No one should be surprised by the UN's inaction, because only the year before it had demonstrated utter incompetence in facing the fastest genocide in history – the slaughter of 800,000 Tutsis and moderate Hutus in Rwanda in just 100 days. UN forces in Rwanda in 1994 were Annan's responsibility before and during the crisis.

Annan was alerted four months before Hutu activists began their mass killings by a fax message from Romeo Dallaire, the Canadian general commanding UN forces in Rwanda. Dallaire described in detail how the Hutus were planning "anti-Tutsi extermination". He identified his source "a Hutu" and reported that arms were ready for the impending ethnic cleansing.

Dallaire requested permission to evacuate his informant and to seize the arms cache. Annan rejected both demands, proposing that Dallaire make the informant's identity known to Rwandan president Juvenal Habyarimana, a Hutu, even though the informant had expressly named the president's closest entourage as the authors of the genocide blueprint.

This is the man who is being seriously proposed as the next ruler of Iraq, because he would be an improvement.

Annan, Ahlmark makes clear, is an object of religious worship, a human repository of millenarian hopes, rather than a man who has earned the adoration he basks in.

A similar error of false adoration was made by the more elderly admirers of Kofi Annan, when younger, with that other African Holy Man of severe actual unholiness, Julius Nyerere. As with Nyerere, it is hard to tell what proportion of Annan's catastrophic blunders to attribute to sheer stupidity, and how much to actual wickedness.
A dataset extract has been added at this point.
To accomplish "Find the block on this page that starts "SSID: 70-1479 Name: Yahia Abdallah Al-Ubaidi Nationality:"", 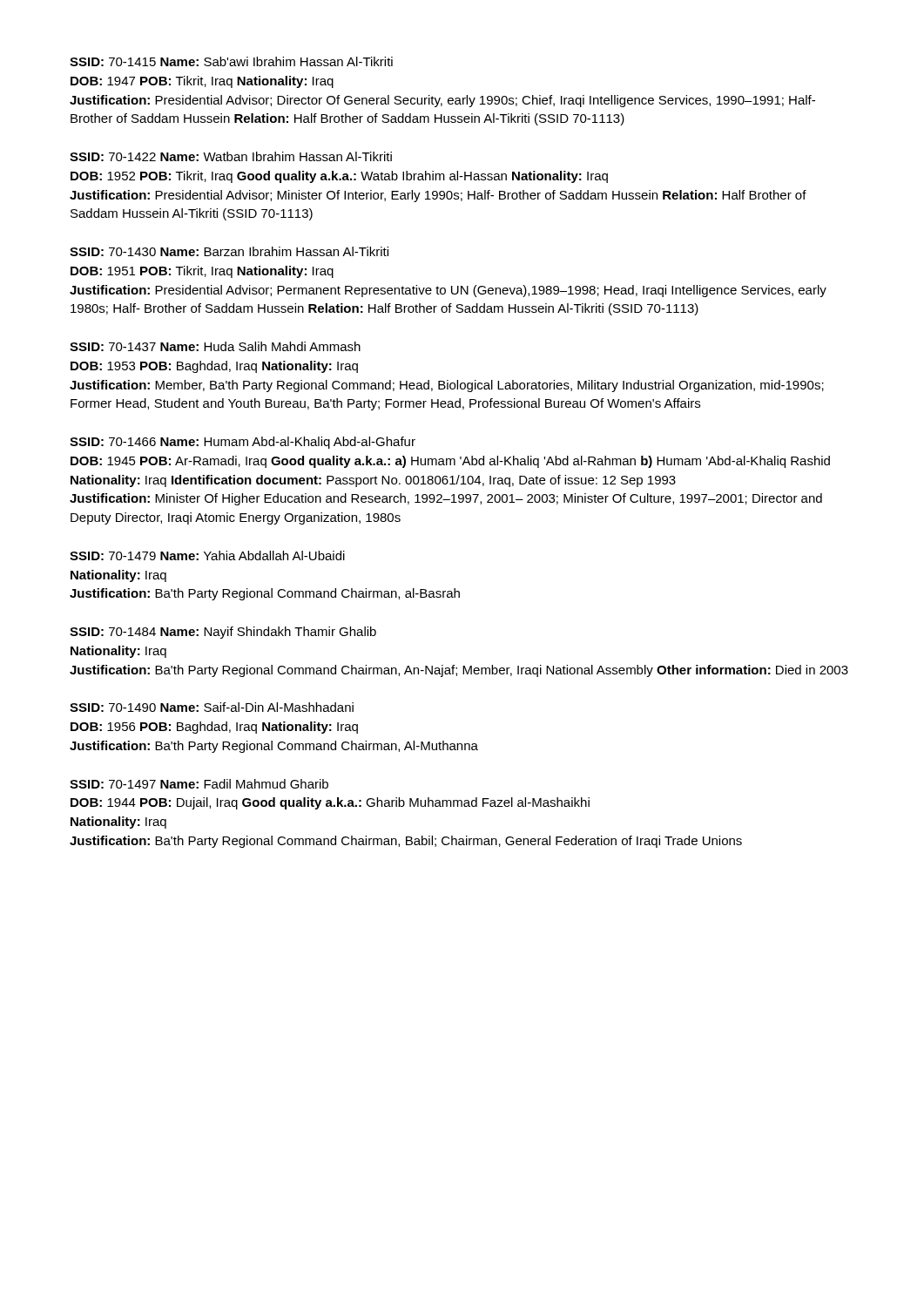I will tap(207, 555).
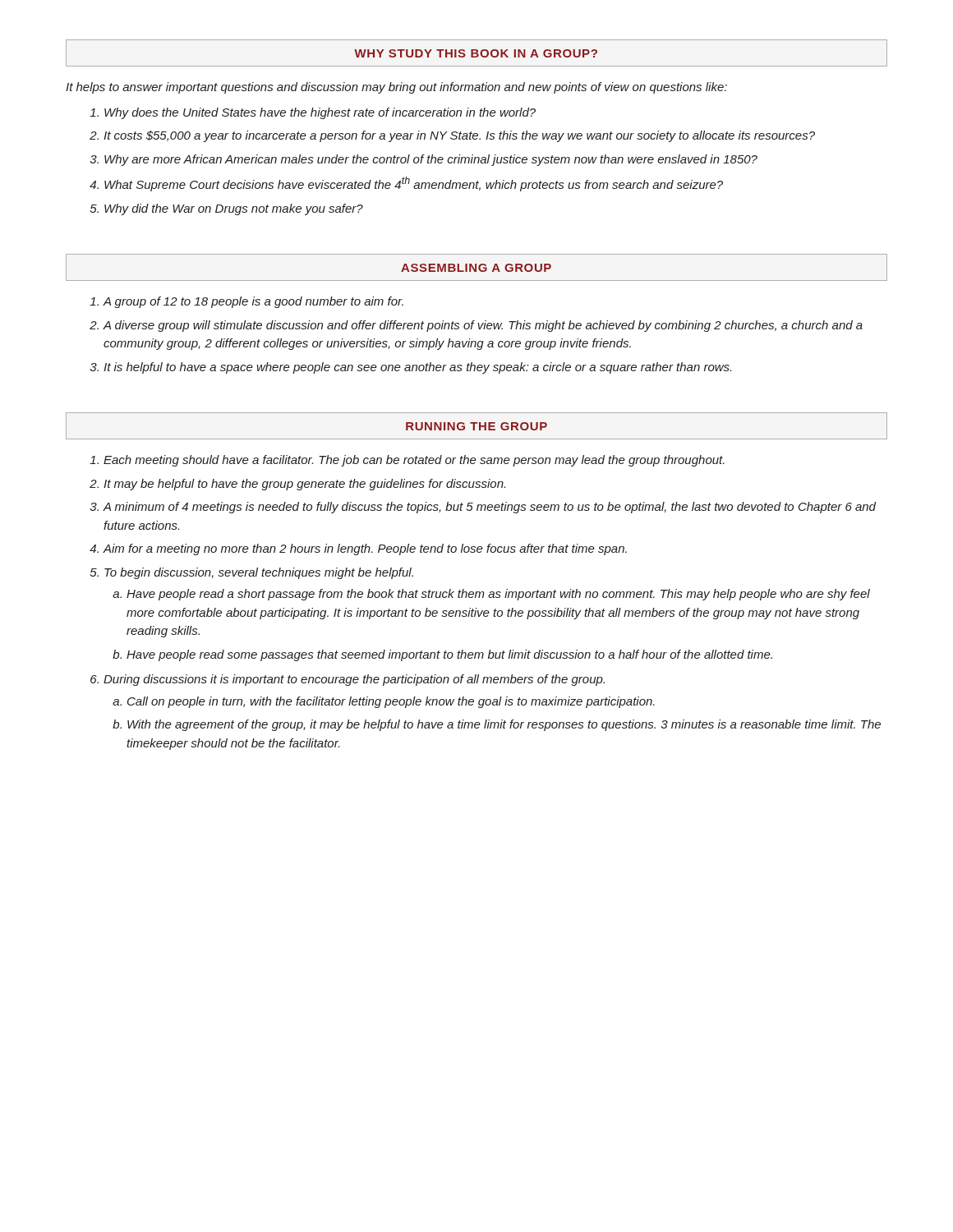Locate the list item with the text "It costs $55,000 a year to incarcerate"
This screenshot has height=1232, width=953.
(x=459, y=135)
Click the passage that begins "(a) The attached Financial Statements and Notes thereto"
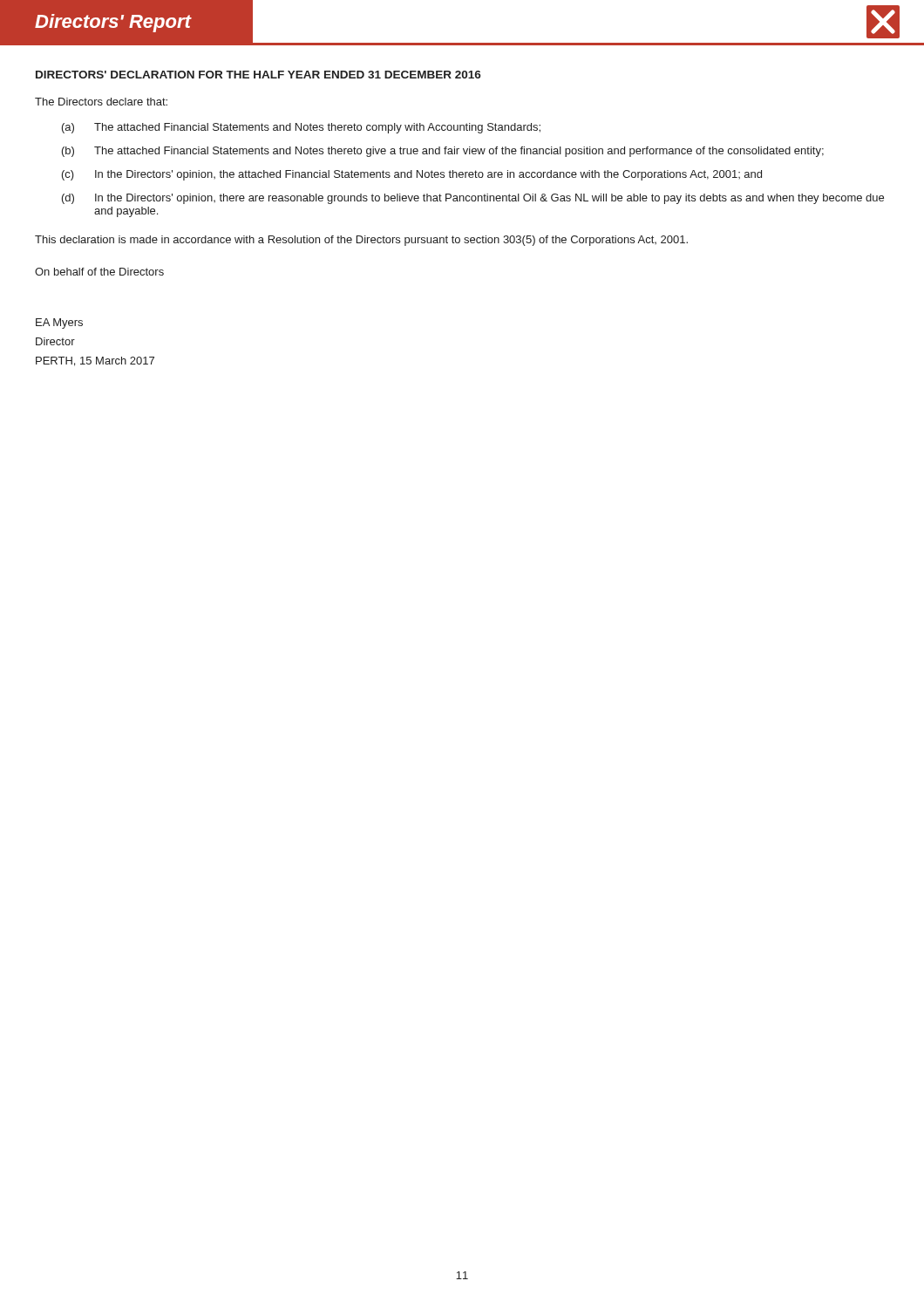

I suspect a combination of the two in the form of a murderously stubborn stupidity, which combines intellectual mediocrity with an immoral unwillingness to admit to error, possibly all floating in the same delusions as those that engulf the minds of his worshippers, but perhaps caused by mere vanity.

Robert Mugabe is another such. Although, having a slightly more severe and steely public persona, he is more readily identified as the mass murderer that he is. He should have gone to RADA. At the very least he should lose the Hitler moustache.

The vision Kofi Annan personifies with such theatrical precision is that of a single, infinitely benign World State, which will cure all ills, correct all injustices, right all wrongs, and put down the mighty from their seats. Allelujah. Especially those horrid Americans. That this same man might be an ill, a perpetrator of injustice, a wrongdoer and far too mighty one, and that the vision he personifies might be a road to ruin of our entire species, starting with its poorest and most unfortunate, and that those ghastly Americans may in fact be energetically rescuing the human race from a great and self-sacrificial folly with no good purpose to it whatever, is a thought that is simply not bearable to the World Statists. So they caste it aside. Mere evidence has nothing to do with it. To cease from the worship of Kofi would mean changing their entire way of thinking and believing and feeling, and that they will not do, no matter how much blood soaks their altar.